You would do well if you can get that other job, even if only for a while. Maybe you could go back to NICU if/when the schedule would be either days or nights.
I wish you well. You can't pour from an empty vessel; take care of yourself as you care for others.
hppygr8ful, ASN, RN, EMT-I
4 Articles; 5,187 Posts
As you state that part of your emotional state is due to some traumatic patient losses I would suggest you seek out a mental health professional for a Critical incident stress debriefing. Your employer should do this for you but if not check with your facilities EAP program If you have insurance you can go that route.
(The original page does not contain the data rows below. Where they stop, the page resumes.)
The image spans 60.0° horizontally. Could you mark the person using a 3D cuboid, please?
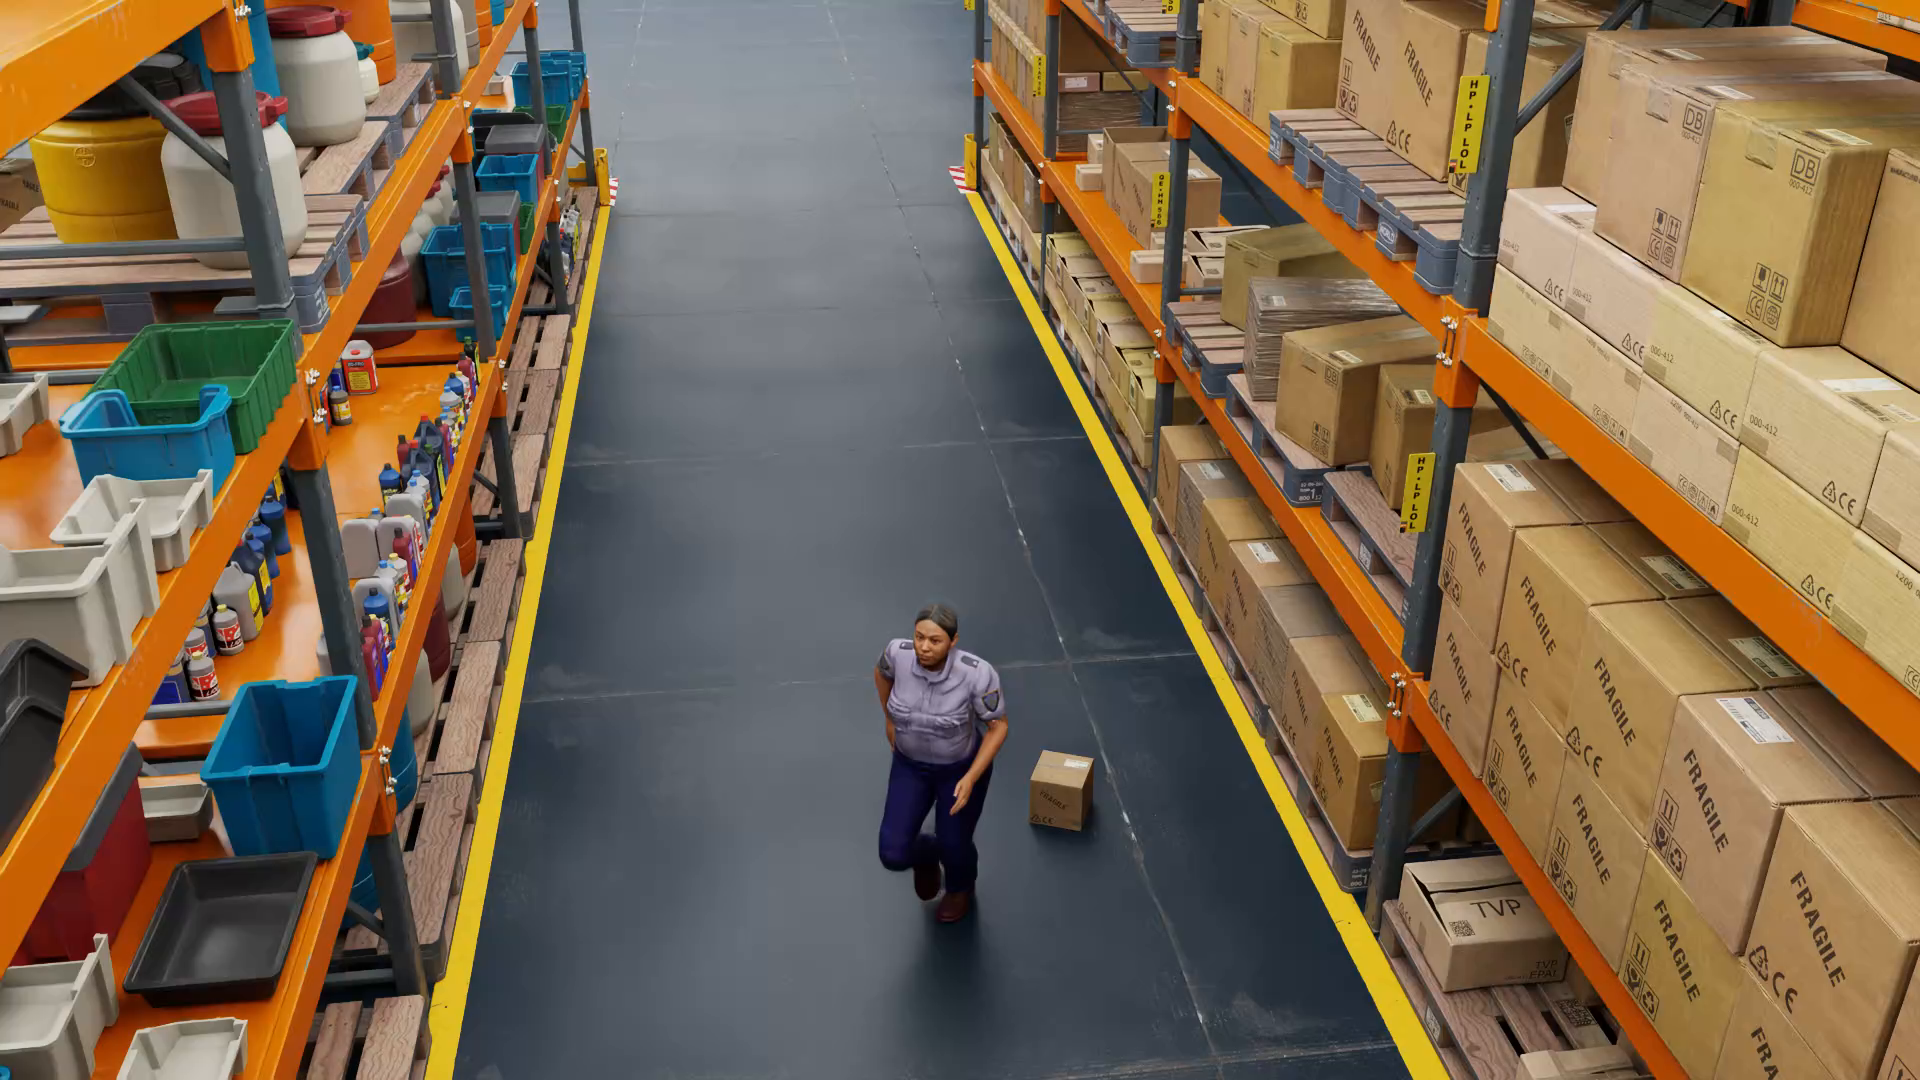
[{"bbox_3d":[-0.115,0.952,6.846,0.628,1.585,0.580,9,29,16],"label":"person"}]
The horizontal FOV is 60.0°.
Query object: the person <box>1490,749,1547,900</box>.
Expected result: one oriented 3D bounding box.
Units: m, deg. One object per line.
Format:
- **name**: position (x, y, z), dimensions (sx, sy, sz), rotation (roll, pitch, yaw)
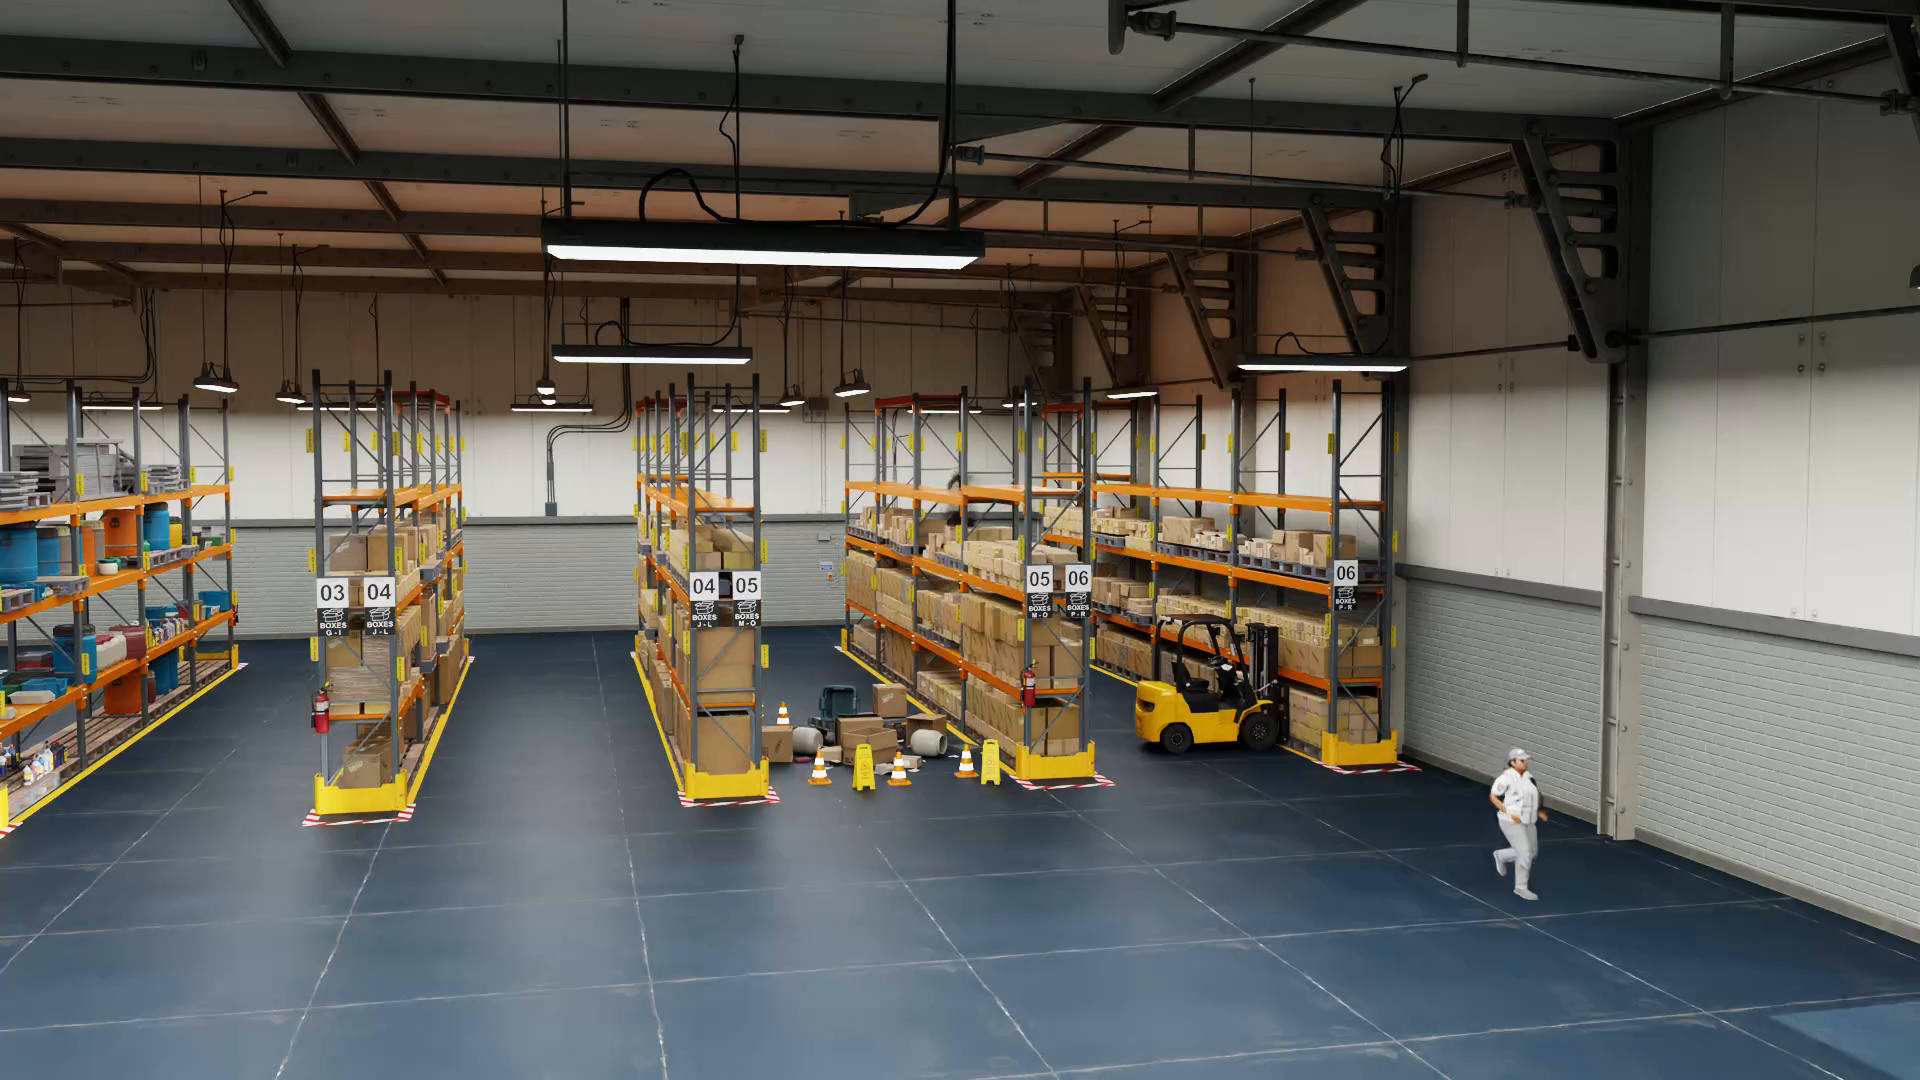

I would not suggest that you make a change in this state of emotional turmoil. Do you have PTO can you take some time off? Once you are feeling better rested and in a good place emotionally then go out and show them who you are!
Dafabb, LPN
123 Posts
As a Nurse you are a baby. I am an LVN and I have now been a nurse for 45 yrs. I have seen a lot of Nurses burnout and keep working and I will say when it takes hold it is not pretty to see. I have P&^^ several nurses off over all these years. I have also gotten very disgusted with nursing but I was also very fortunate. I have worked every department in a big hospital there is except PACU. It was not even invented until much later. From ICU-OBGYN I have worked. I have also done agency and traveled I think that is what has saved me in the long run I mix it up. I still love nursing but in truth I would now like to go remote. When you feel burned out change to a different dept. for a short time. Also you must know it takes a very special person to be able to work NICU. I think out of the entire hospital NICU nurses are the smartest and almost angel like along with the Dr who takes care of them. The reason for saying this is that these babies can not tell/show you anything you have to know or know what to look for. You have to have that special 6th sense in NICU. And you also have to be able to see those babies die at some point. Not everyone can do that. I can not and I am an OX in strength. Babies and small children are my weakness. I chose to only do those areas PRN which I did get a lot of practice over the years but NICU once or twice. If that is a problem with you maybe you need to rethink where you want to go OB/Babies was great and I had a ball. I did many yrs PRN/float to these areas. Burnout in nursing is huge now it use to be 5-7 yrs. Now who knows. You can listen to others as I have given you some solutions but in the end do what you need to do. I forgot also get off the rotations it will kill you much earlier(stats) Work one shift only and others only if you want to do PRN. If they have a problem with that find a job/hospital that won't.